**Material supplied**
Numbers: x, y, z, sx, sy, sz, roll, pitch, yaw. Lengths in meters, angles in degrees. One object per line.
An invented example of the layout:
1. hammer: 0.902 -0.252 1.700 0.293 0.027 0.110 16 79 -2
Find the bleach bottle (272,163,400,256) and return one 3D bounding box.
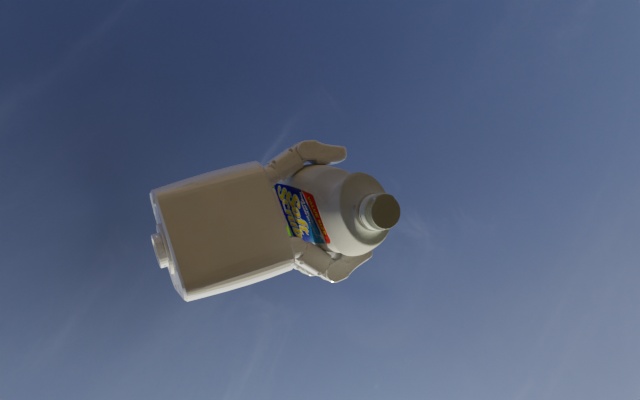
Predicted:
1. bleach bottle: 0.000 0.002 0.499 0.068 0.102 0.251 -15 6 -23
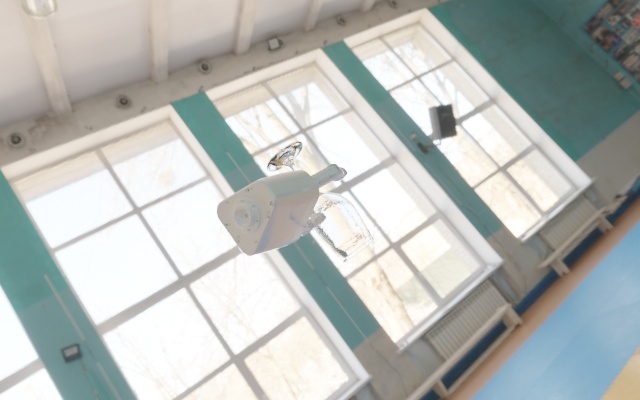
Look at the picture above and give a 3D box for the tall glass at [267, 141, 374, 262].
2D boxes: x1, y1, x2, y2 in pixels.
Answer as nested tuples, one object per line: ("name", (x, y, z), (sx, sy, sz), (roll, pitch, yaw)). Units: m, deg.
("tall glass", (0.000, 0.002, 0.771), (0.079, 0.201, 0.079), (-36, -14, -10))
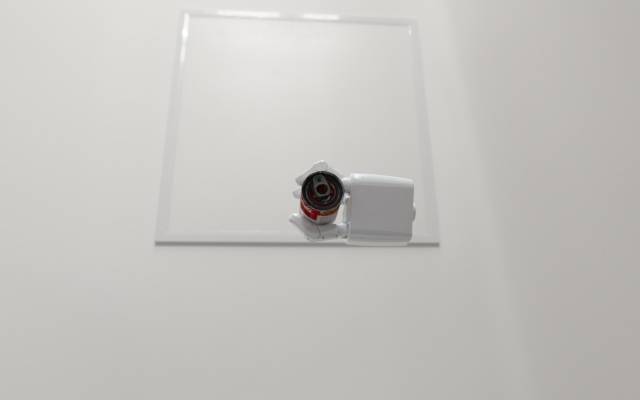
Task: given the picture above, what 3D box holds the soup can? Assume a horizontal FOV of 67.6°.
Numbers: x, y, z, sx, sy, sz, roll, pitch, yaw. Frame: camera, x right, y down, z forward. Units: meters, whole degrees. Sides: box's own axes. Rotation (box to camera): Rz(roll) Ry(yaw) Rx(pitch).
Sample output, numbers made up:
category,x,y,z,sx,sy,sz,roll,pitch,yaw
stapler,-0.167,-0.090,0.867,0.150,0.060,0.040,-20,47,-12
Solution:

**What is needed**
Within the listing, how many lines hold the word "meters"? Answer with the number by itself.

**Response to this exercise**
2